There are a number of questions I would need to ask myself before I would ever consider touching someone.  Gender… if I wouldn’t touch someone of the opposite sex of the client in that situation, I probably wouldn’t do it at all.  Age… honestly, I would be more comfortable hugging someone who was elderly than I would someone who was younger than me.  I would consider the current diagnosis of the client, especially any history of sexual or physical abuse.  If any history of abuse is present, including being raped, molested, sexual addictions or intimacy issues… it’s probably a safe bet not to touch them.  I would also be very careful with paranoid or borderline personalities as it has real potential to evoke a negative response.

Also, I would consider the context of the therapeutic relationship… if it is individual therapy in a private practice setting I would be much more cautious than if it were in a group setting.  I would also need to consider the length and the level of trust that has been established with a client.  I would be much more inclined to touch someone if we had discussed the issue previously, or if we had a long standing therapeutic relationship/alliance.  In any case, I would probably ask the client if it is ok with them if I touch their hand, etc.
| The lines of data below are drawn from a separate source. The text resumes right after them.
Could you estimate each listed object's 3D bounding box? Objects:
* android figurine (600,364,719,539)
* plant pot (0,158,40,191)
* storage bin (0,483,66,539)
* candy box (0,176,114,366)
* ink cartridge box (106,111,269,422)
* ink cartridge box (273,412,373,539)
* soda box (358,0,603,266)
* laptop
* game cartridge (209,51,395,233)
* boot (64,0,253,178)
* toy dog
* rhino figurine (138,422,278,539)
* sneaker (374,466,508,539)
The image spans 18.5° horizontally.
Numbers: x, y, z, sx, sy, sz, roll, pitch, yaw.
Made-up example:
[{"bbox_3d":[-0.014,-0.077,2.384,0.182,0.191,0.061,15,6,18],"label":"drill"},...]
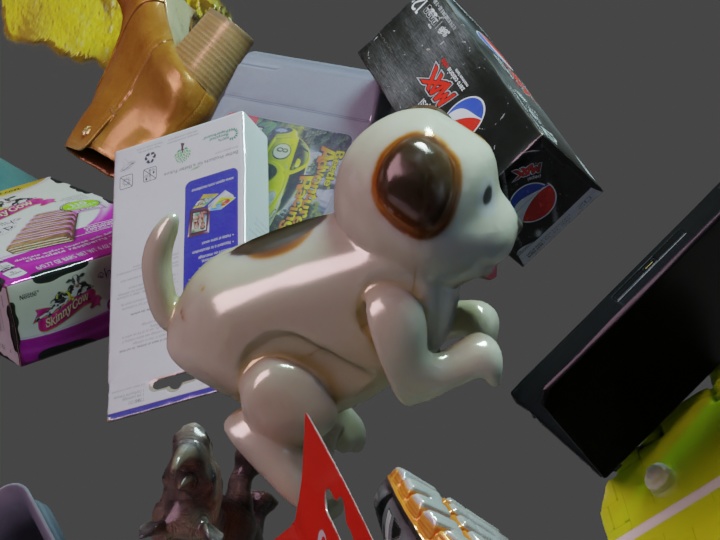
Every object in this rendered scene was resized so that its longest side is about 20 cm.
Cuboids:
[{"bbox_3d":[0.178,0.127,1.040,0.182,0.041,0.200,-34,40,22],"label":"android figurine"},{"bbox_3d":[-0.356,-0.029,1.656,0.200,0.161,0.201,-29,41,29],"label":"plant pot"},{"bbox_3d":[-0.204,0.243,1.273,0.200,0.134,0.146,-48,36,3],"label":"storage bin"},{"bbox_3d":[-0.222,-0.004,1.513,0.136,0.061,0.200,-19,22,-31],"label":"candy box"},{"bbox_3d":[-0.106,0.003,1.376,0.099,0.039,0.201,-15,56,21],"label":"ink cartridge box"},{"bbox_3d":[-0.041,0.195,1.108,0.160,0.047,0.201,-122,38,-62],"label":"ink cartridge box"},{"bbox_3d":[0.068,-0.091,1.330,0.071,0.063,0.200,-43,36,12],"label":"soda box"},{"bbox_3d":[0.143,0.002,1.087,0.177,0.103,0.200,-44,23,-1],"label":"laptop"},{"bbox_3d":[-0.055,-0.046,1.422,0.133,0.041,0.201,14,70,30],"label":"game cartridge"},{"bbox_3d":[-0.174,-0.147,1.636,0.144,0.071,0.201,-50,40,-4],"label":"boot"},{"bbox_3d":[0.000,0.000,1.209,0.200,0.194,0.140,-46,-2,17],"label":"toy dog"},{"bbox_3d":[-0.084,0.138,1.212,0.060,0.200,0.088,10,69,8],"label":"rhino figurine"},{"bbox_3d":[0.042,0.170,1.114,0.077,0.078,0.200,-52,28,12],"label":"sneaker"}]
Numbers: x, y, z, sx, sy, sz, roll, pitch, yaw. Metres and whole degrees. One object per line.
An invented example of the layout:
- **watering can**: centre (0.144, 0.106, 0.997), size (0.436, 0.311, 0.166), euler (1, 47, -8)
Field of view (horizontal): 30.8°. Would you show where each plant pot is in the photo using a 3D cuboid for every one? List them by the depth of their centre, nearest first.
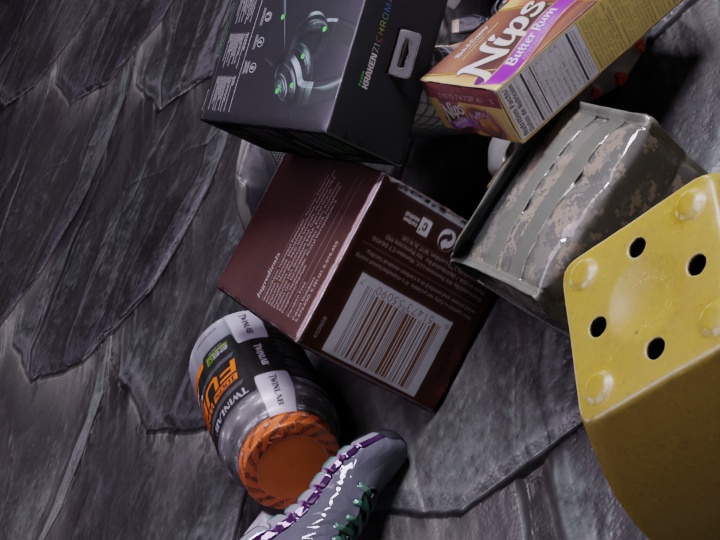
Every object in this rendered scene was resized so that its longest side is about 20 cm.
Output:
- **plant pot**: centre (0.229, 0.055, 0.777), size (0.195, 0.199, 0.196), euler (-38, 37, 36)

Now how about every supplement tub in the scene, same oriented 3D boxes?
- **supplement tub**: centre (-0.092, 0.135, 1.282), size (0.123, 0.122, 0.200), euler (-54, 30, 11)

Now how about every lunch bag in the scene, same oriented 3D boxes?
- **lunch bag**: centre (0.161, -0.047, 1.049), size (0.165, 0.117, 0.200), euler (-55, 27, -2)

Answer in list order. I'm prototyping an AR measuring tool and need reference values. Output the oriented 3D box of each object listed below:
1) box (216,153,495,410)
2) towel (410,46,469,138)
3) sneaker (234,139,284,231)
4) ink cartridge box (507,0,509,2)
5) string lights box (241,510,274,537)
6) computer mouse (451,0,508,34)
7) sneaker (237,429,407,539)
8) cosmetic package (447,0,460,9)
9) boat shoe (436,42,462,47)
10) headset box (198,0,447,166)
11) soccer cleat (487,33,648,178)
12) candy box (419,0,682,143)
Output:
- **box**: centre (0.000, 0.000, 1.209), size (0.166, 0.165, 0.200), euler (-62, 30, 0)
- **towel**: centre (0.030, -0.172, 1.254), size (0.199, 0.164, 0.087), euler (0, 93, 46)
- **sneaker**: centre (-0.068, -0.117, 1.372), size (0.113, 0.076, 0.202), euler (5, 86, 29)
- **ink cartridge box**: centre (0.199, -0.346, 1.276), size (0.175, 0.045, 0.201), euler (-31, 39, 19)
- **string lights box**: centre (-0.069, 0.318, 1.155), size (0.103, 0.059, 0.200), euler (-53, 31, 10)
- **computer mouse**: centre (0.129, -0.303, 1.385), size (0.199, 0.046, 0.141), euler (17, 72, 50)
- **sneaker**: centre (-0.019, 0.226, 1.123), size (0.200, 0.075, 0.087), euler (-40, 47, -16)
- **cosmetic package**: centre (0.121, -0.391, 1.347), size (0.200, 0.051, 0.152), euler (-51, 30, 25)
- **boat shoe**: centre (0.069, -0.199, 1.370), size (0.199, 0.065, 0.073), euler (-16, 52, 51)
- **headset box**: centre (-0.028, -0.192, 1.129), size (0.199, 0.092, 0.176), euler (11, 83, 49)
- **soccer cleat**: centre (0.178, -0.163, 1.175), size (0.201, 0.069, 0.078), euler (-52, 26, 20)
- **candy box**: centre (0.157, -0.190, 1.067), size (0.200, 0.057, 0.116), euler (-40, 27, -15)
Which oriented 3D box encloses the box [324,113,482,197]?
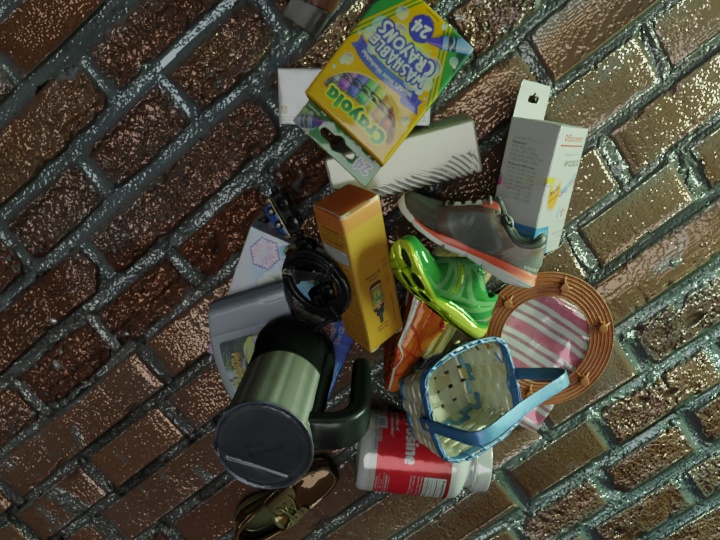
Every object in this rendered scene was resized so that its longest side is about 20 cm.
[{"bbox_3d":[0.055,-0.144,0.797,0.193,0.083,0.070,-14,108,6],"label":"box"}]

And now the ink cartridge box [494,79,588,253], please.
[{"bbox_3d":[0.229,-0.128,0.773,0.066,0.114,0.207,19,110,32],"label":"ink cartridge box"}]

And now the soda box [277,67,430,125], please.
[{"bbox_3d":[-0.008,-0.224,0.782,0.193,0.064,0.071,1,107,1],"label":"soda box"}]

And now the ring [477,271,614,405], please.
[{"bbox_3d":[0.266,0.103,0.871,0.193,0.019,0.208,1,106,5],"label":"ring"}]

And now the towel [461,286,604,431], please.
[{"bbox_3d":[0.252,0.132,0.902,0.143,0.030,0.204,27,105,-6],"label":"towel"}]

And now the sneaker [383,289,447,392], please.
[{"bbox_3d":[0.083,0.087,0.858,0.075,0.073,0.205,16,110,-13],"label":"sneaker"}]

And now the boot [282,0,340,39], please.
[{"bbox_3d":[-0.075,-0.419,0.722,0.185,0.069,0.203,31,104,-8],"label":"boot"}]

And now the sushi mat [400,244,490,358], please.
[{"bbox_3d":[0.122,0.032,0.883,0.094,0.012,0.203,28,105,-7],"label":"sushi mat"}]

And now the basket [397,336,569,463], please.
[{"bbox_3d":[0.149,0.168,0.794,0.173,0.198,0.144,-20,99,-32],"label":"basket"}]

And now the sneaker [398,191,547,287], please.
[{"bbox_3d":[0.140,-0.060,0.745,0.197,0.077,0.084,31,107,16],"label":"sneaker"}]

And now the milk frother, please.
[{"bbox_3d":[-0.084,0.107,0.725,0.175,0.189,0.205,-17,111,12],"label":"milk frother"}]

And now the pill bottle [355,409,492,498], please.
[{"bbox_3d":[0.092,0.274,0.904,0.193,0.113,0.116,6,107,-2],"label":"pill bottle"}]

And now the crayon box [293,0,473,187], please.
[{"bbox_3d":[0.023,-0.219,0.720,0.125,0.052,0.201,39,95,-3],"label":"crayon box"}]

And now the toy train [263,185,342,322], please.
[{"bbox_3d":[-0.077,-0.017,0.819,0.045,0.034,0.204,-21,106,19],"label":"toy train"}]

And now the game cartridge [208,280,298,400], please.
[{"bbox_3d":[-0.136,0.126,0.860,0.129,0.041,0.206,-14,107,10],"label":"game cartridge"}]

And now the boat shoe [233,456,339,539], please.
[{"bbox_3d":[-0.118,0.373,0.956,0.198,0.074,0.076,-36,104,11],"label":"boat shoe"}]

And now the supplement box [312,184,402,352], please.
[{"bbox_3d":[0.000,0.000,0.775,0.066,0.068,0.205,-31,124,-29],"label":"supplement box"}]

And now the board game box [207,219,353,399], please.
[{"bbox_3d":[-0.098,0.061,0.879,0.194,0.041,0.205,21,106,-5],"label":"board game box"}]

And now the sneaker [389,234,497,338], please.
[{"bbox_3d":[0.108,0.009,0.778,0.199,0.073,0.085,40,80,-37],"label":"sneaker"}]
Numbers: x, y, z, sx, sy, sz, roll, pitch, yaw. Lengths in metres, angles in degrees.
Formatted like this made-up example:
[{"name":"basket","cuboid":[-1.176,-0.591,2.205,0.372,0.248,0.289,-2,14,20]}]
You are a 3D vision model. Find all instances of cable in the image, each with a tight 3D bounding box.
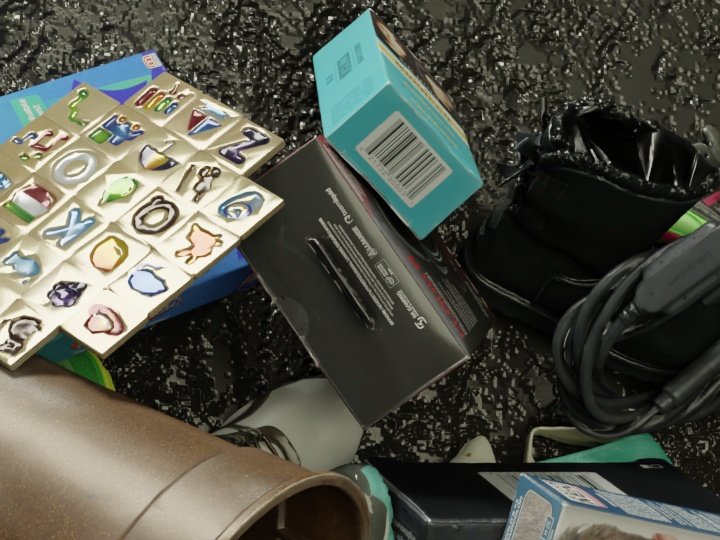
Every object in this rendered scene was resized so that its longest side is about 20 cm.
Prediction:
[{"name":"cable","cuboid":[0.204,0.032,1.367,0.163,0.200,0.051,24,32,-49]}]

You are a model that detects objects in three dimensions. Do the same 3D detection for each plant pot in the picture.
[{"name":"plant pot","cuboid":[-0.133,0.148,1.167,0.198,0.200,0.200,27,71,24]}]

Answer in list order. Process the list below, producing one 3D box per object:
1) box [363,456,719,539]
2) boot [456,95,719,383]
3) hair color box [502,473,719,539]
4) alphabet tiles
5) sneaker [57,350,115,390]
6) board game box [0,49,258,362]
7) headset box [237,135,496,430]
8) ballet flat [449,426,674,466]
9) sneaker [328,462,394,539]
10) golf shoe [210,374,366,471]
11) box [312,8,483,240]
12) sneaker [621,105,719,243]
[{"name":"box","cuboid":[0.101,0.217,1.315,0.196,0.117,0.201,1,102,-19]},{"name":"boot","cuboid":[0.164,-0.019,1.385,0.198,0.163,0.073,22,51,-9]},{"name":"hair color box","cuboid":[0.170,0.180,1.235,0.200,0.061,0.100,13,97,-21]},{"name":"alphabet tiles","cuboid":[-0.143,-0.031,1.229,0.166,0.006,0.200,30,59,34]},{"name":"sneaker","cuboid":[-0.202,0.128,1.300,0.084,0.074,0.200,36,71,-34]},{"name":"board game box","cuboid":[-0.168,-0.032,1.321,0.200,0.045,0.152,-23,74,-35]},{"name":"headset box","cuboid":[0.000,0.000,1.318,0.077,0.200,0.149,-35,89,9]},{"name":"ballet flat","cuboid":[0.097,0.133,1.403,0.199,0.067,0.071,-6,57,-16]},{"name":"sneaker","cuboid":[-0.065,0.176,1.275,0.091,0.200,0.078,19,34,-48]},{"name":"golf shoe","cuboid":[-0.069,0.125,1.336,0.200,0.094,0.078,-35,89,-20]},{"name":"box","cuboid":[0.019,-0.089,1.340,0.049,0.200,0.082,-41,106,10]},{"name":"sneaker","cuboid":[0.228,-0.045,1.458,0.200,0.077,0.084,25,78,-10]}]
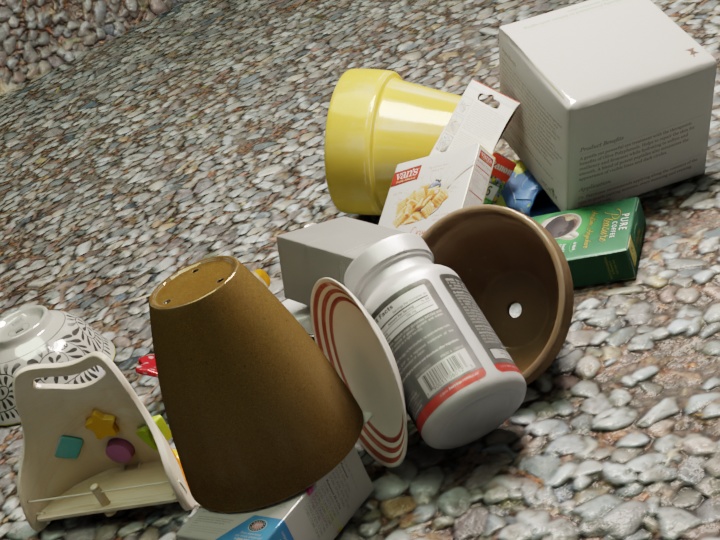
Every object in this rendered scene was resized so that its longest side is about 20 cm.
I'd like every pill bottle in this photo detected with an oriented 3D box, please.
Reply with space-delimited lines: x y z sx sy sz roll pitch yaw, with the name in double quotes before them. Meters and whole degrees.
"pill bottle" 0.070 0.067 1.381 0.116 0.116 0.200 -26 61 -8

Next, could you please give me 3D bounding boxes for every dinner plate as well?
"dinner plate" 0.004 0.099 1.379 0.024 0.201 0.200 -20 23 -19

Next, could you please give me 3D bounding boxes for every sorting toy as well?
"sorting toy" -0.285 0.172 1.487 0.199 0.181 0.107 -11 27 21

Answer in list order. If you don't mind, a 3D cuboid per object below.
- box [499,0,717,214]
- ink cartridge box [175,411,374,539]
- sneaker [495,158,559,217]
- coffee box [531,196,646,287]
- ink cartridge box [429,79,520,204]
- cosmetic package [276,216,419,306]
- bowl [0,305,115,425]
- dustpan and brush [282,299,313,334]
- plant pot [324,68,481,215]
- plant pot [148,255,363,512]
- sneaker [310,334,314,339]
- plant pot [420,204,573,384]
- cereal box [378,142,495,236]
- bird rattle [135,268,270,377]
"box" 0.295 -0.208 1.696 0.198 0.172 0.200 -18 44 -13
"ink cartridge box" -0.069 0.221 1.346 0.115 0.068 0.200 -1 33 40
"sneaker" 0.248 -0.122 1.789 0.200 0.076 0.105 -40 45 -25
"coffee box" 0.228 -0.022 1.618 0.199 0.044 0.123 -11 28 23
"ink cartridge box" 0.137 -0.130 1.749 0.109 0.050 0.200 38 102 50
"cosmetic package" 0.000 0.000 1.586 0.107 0.091 0.200 -17 17 -30
"bowl" -0.435 0.108 1.837 0.200 0.094 0.201 -17 25 8
"dustpan and brush" -0.098 0.084 1.674 0.200 0.057 0.139 -26 14 -23
"plant pot" 0.070 -0.170 1.889 0.188 0.201 0.201 6 34 18
"plant pot" -0.118 0.094 1.323 0.186 0.200 0.187 -19 25 9
"sneaker" -0.088 0.114 1.550 0.199 0.091 0.076 -26 27 -6
"plant pot" 0.144 0.036 1.463 0.200 0.202 0.093 -4 -10 34
"cereal box" 0.079 -0.051 1.679 0.144 0.039 0.201 -11 54 45
"bird rattle" -0.184 0.064 1.670 0.163 0.113 0.200 -29 17 25
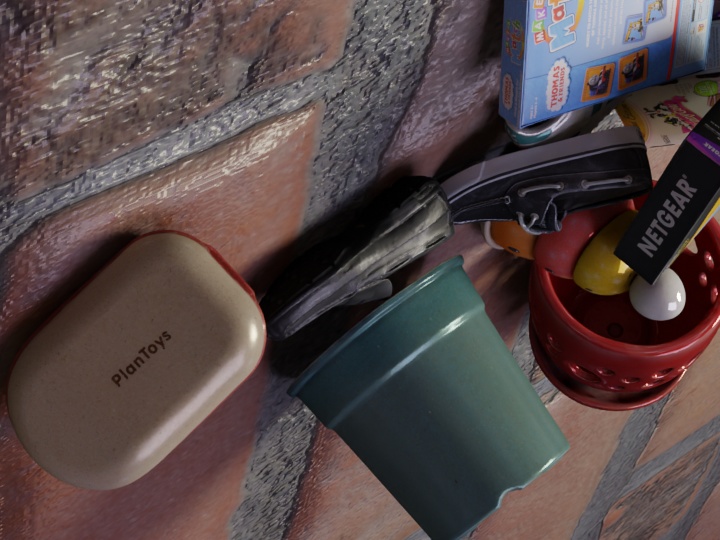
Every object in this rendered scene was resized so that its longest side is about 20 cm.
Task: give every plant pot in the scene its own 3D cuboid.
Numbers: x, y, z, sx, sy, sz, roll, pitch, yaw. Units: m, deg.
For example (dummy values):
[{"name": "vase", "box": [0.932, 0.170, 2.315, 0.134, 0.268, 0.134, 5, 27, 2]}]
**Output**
[{"name": "plant pot", "box": [0.071, 0.124, 1.473, 0.200, 0.197, 0.200, -37, 172, -6]}, {"name": "plant pot", "box": [0.266, 0.031, 1.696, 0.200, 0.201, 0.183, -37, 161, -16]}]

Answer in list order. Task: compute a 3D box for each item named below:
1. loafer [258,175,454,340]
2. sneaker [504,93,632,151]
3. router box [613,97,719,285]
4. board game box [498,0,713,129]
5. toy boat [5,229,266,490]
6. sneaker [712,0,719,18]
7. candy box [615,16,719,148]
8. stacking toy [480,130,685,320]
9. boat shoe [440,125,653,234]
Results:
[{"name": "loafer", "box": [0.000, 0.000, 1.386, 0.200, 0.068, 0.071, -38, 114, -19]}, {"name": "sneaker", "box": [0.198, -0.179, 1.431, 0.200, 0.070, 0.093, -48, 159, 11]}, {"name": "router box", "box": [0.302, -0.092, 1.421, 0.149, 0.051, 0.200, -45, 168, -26]}, {"name": "board game box", "box": [0.204, -0.213, 1.354, 0.199, 0.037, 0.152, -19, 128, -27]}, {"name": "toy boat", "box": [-0.167, 0.068, 1.230, 0.200, 0.131, 0.131, -43, -177, -4]}, {"name": "sneaker", "box": [0.338, -0.235, 1.537, 0.080, 0.088, 0.200, -44, 155, -5]}, {"name": "candy box", "box": [0.331, -0.173, 1.504, 0.198, 0.062, 0.136, -5, 158, 23]}, {"name": "stacking toy", "box": [0.220, -0.027, 1.533, 0.146, 0.200, 0.147, -33, 151, -21]}, {"name": "boat shoe", "box": [0.156, -0.065, 1.449, 0.198, 0.068, 0.072, -15, 161, 10]}]
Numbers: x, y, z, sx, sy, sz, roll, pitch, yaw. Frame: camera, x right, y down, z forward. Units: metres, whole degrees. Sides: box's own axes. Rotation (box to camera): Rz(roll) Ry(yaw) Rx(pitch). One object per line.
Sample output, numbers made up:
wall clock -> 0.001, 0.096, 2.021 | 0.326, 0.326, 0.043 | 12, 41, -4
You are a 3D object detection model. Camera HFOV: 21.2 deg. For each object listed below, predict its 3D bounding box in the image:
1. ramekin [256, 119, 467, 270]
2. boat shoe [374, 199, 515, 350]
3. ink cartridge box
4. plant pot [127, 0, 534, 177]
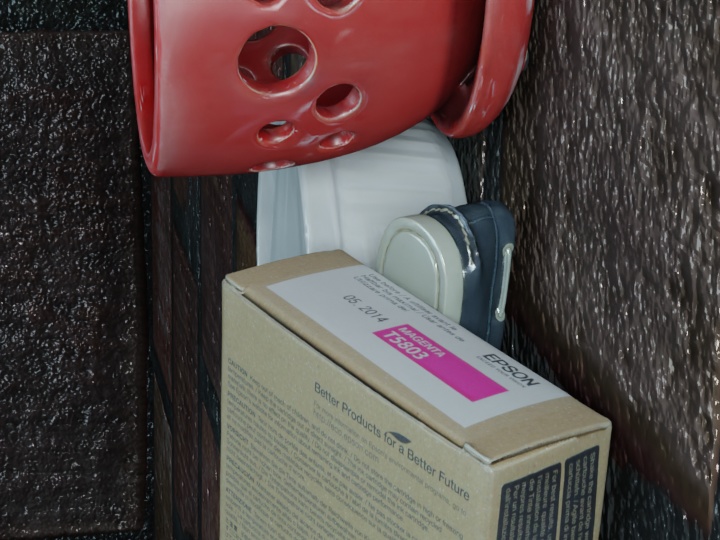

I would consider the potential benefits of such an action, weighing my personal motivations and potential interpretations on the part of the client.  All touch is reciprocal – one cannot touch without being touched… and I’m just not comfortable with touching.  I agree with the text that if touching occurs, it should be a “spontaneous and honest expression of the therapist’s feelings and always done for the client’s benefit.”  (Corey, Schneider-Corey, & Callanan, 2007, p. 316)

In any event, documentation of the type and frequency of touch, along with my personal rationale for employing it, is critical.  This is increasingly important if touching is subsequently misinterpreted and a malpractice lawsuit is levied.  Perception is reality for clients, and what is considered “appropriate” to me may not be “appropriate” to the client.  Another potential negative outcome could be pre-mature termination.  If the client is no longer comfortable with the clinician as a result of non-erotic touching, more harm has been done than good.

In conclusion, I think the risks outweigh the benefits in most situations.  It’s not that I consider it taboo or anything, I just don’t think I need to touch someone in order to convey caring, sensitivity, or understanding.  I can convey warmth and empathy with my voice.  My aversion to touching clients has less to do with the potential negative outcomes than it does with my belief that other methods are as effective or more effective.  If we drill down to a point where a client is crying and in obvious distress, I am of the belief that a certain degree of distress is healthy.  Touching a client provides a false sense of security in my opinion, premature resolution, and a certain sense of dependence.  In as much as I am there to help a client, I am there to promote independence, not dependence on the clinician.  In more ways than one it has the potential to be counterproductive for the client, and for that reason, I am going to use touch very judiciously.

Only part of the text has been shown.